I have friends who have had cancer. They have been brave and extraordinary. One of my friends, Gay Edwards, took the illness and turned it into good for others in that she put together a series of healing meditative CDs that can be found at her website, www.bridgestohealingenergy.com. What a gift she is to the rest of us. If I ever got cancer, I'd look to my friends like Gay, who have gone through it, for guidance on how to get to the other side of it.
So that's my saga. It's part of the reason I haven't blogged this week. Between traveling and this (and a busy week overall), I've been completely wiped out. But happy. How can I not be happy? What great news. A new lease on life, as the expression goes.

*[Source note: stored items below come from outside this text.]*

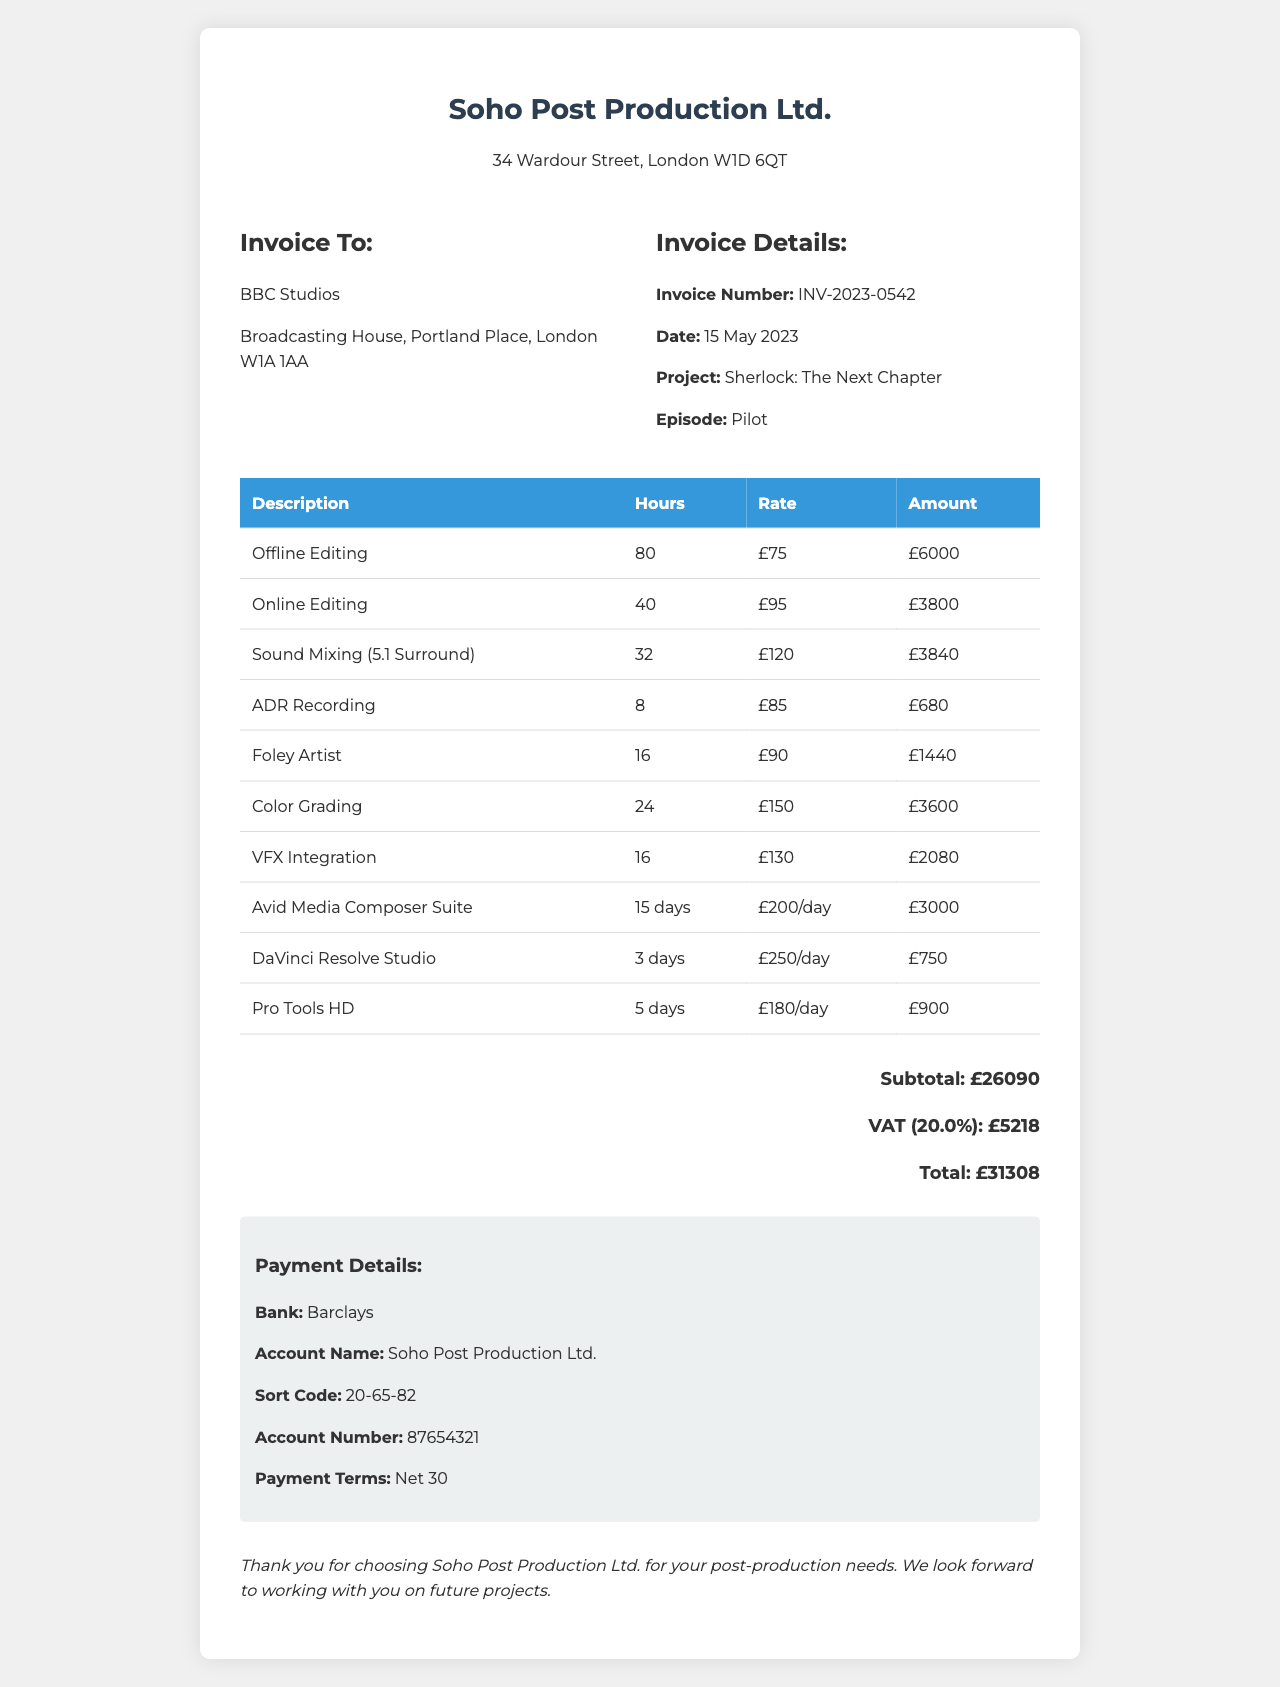what is the company name? The company name is listed prominently at the top of the invoice.
Answer: Soho Post Production Ltd what is the invoice number? The invoice number is a unique identifier for the transaction, found in the invoice details section.
Answer: INV-2023-0542 how many hours were spent on Offline Editing? The number of hours for each service is provided in the table of services.
Answer: 80 what is the total amount due? The total amount is the final figure listed at the bottom of the invoice, including subtotal and VAT.
Answer: £31,308 how many days was the Avid Media Composer Suite used? The number of days for each piece of equipment is listed in the equipment section of the invoice.
Answer: 15 days what is the VAT rate applied? The VAT rate is displayed in the financial details of the document.
Answer: 20% who is the client name? The client name is mentioned in the invoice, identifying the recipient of the services.
Answer: BBC Studios what payment terms are specified? The payment terms outline the due date for payment and are stated in the invoice details.
Answer: Net 30 how many workshops were held for Sound Mixing? The hours allocated for each service are noted in the services section.
Answer: 32 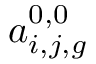<formula> <loc_0><loc_0><loc_500><loc_500>a _ { i , j , g } ^ { 0 , 0 }</formula> 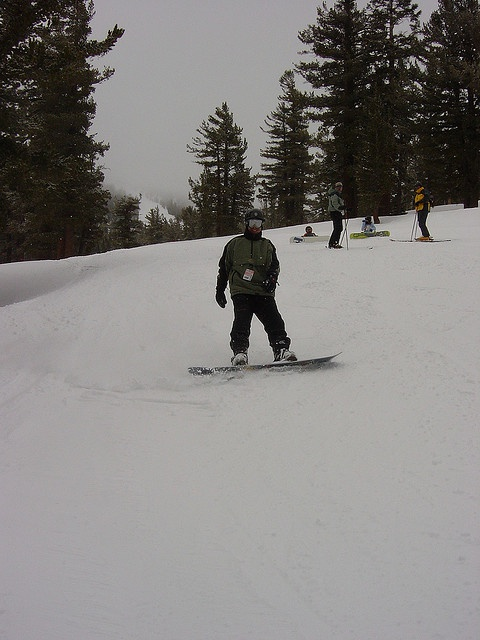Describe the objects in this image and their specific colors. I can see people in black, darkgray, gray, and lightgray tones, snowboard in black, gray, and darkgray tones, people in black, gray, and darkgray tones, people in black, olive, and maroon tones, and snowboard in black, darkgreen, gray, and darkgray tones in this image. 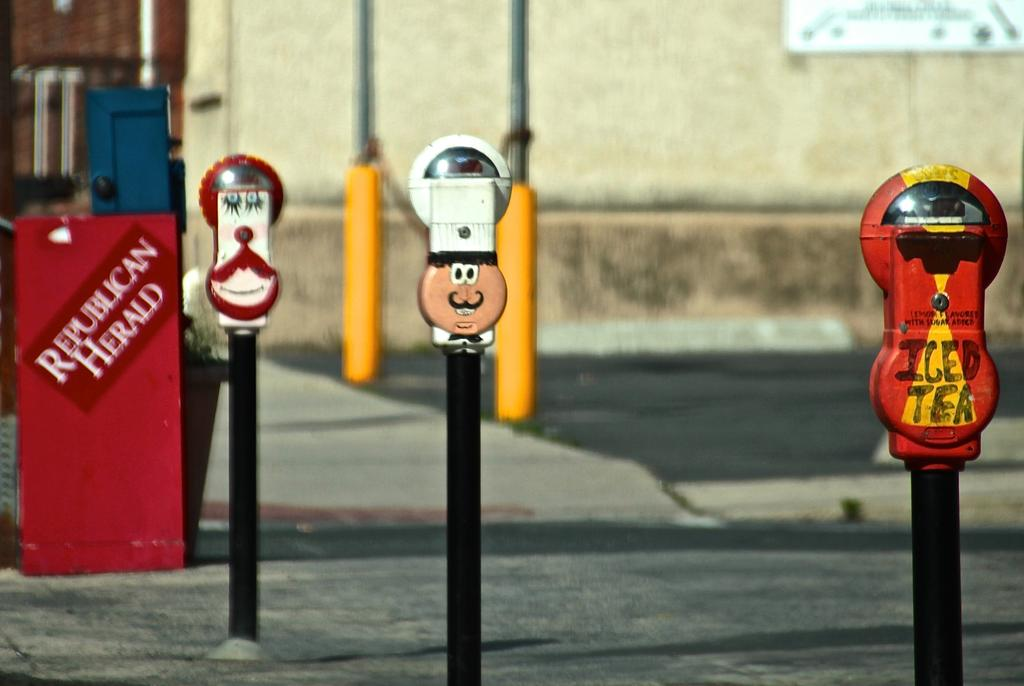<image>
Share a concise interpretation of the image provided. Several funny parking meters are installed near a Republican Herald newspaper box. 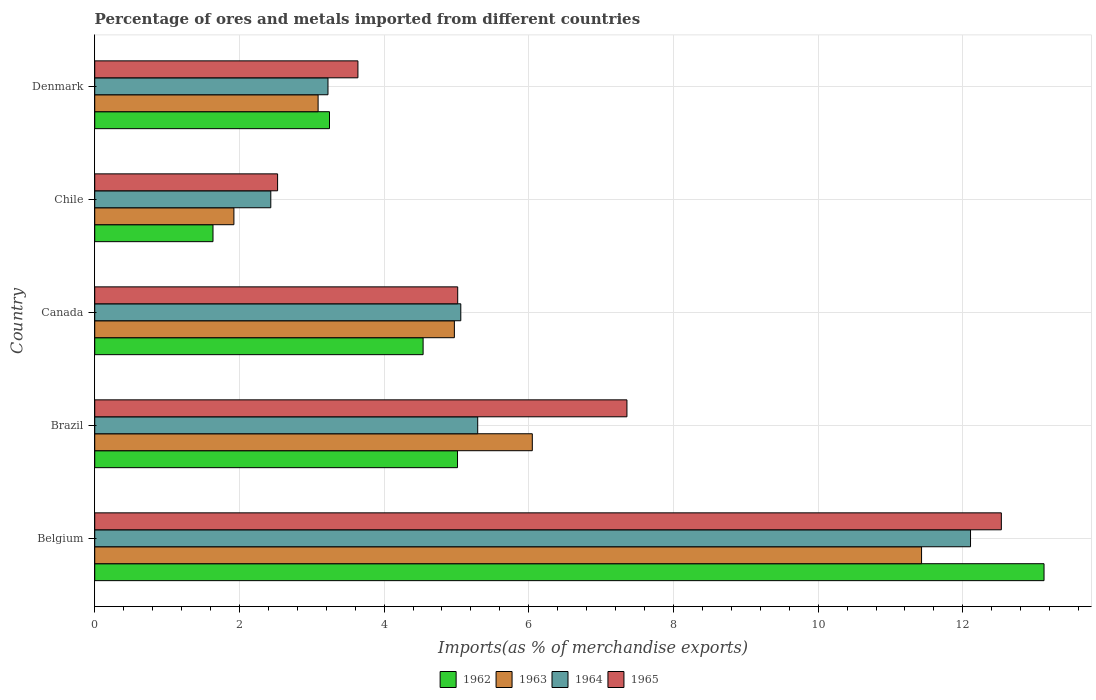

And next year I won't wait the six months that I waited this year to get my mammogram. And from now on, I'll actually do those monthly exams that they tell you to do. And in the meantime, maybe there's something I can do for the women who had different news on Tuesday about the results of their exams. I don't know yet what that is. But I've been thinking a lot about them.
UPDATE: I emailed my friend Gay to let her know I'd made the preceding post. She emailed me today. Here's what she said.
I just read your Cancer Post. What an amazing story. This is a story every one, yes, man and woman should read. This crappy disease effects all of us in one way or another. So many people will face this first hand, as I did almost 4 years ago. Beth, I'm not glad I had cancer, and sometimes the possibility of a 'return' of this disease scares the beegeebers out of me. And, yet, my experience with this particular life challenge has left me a much better person than I ever could have become without the catapulting effect of the Big C. For You, My Sister, I am just so profoundly pleased that you will not face this. Stay healthy, and happy, my friend.
It was nice to read about MY STORY through your words. Thanks for the plug and your sincere words about my experience. You are a lovely, huge-hearted person.
I recommend these books for your reading on this topic:
The China Study...T. Colin Campbell
Cancer Free...Bill Henderson
They are all excellent, and each author will give you his 'take' on how to remain cancer/heart disease free for life. Amazing studies! In-Joy...most you can get on Amazon.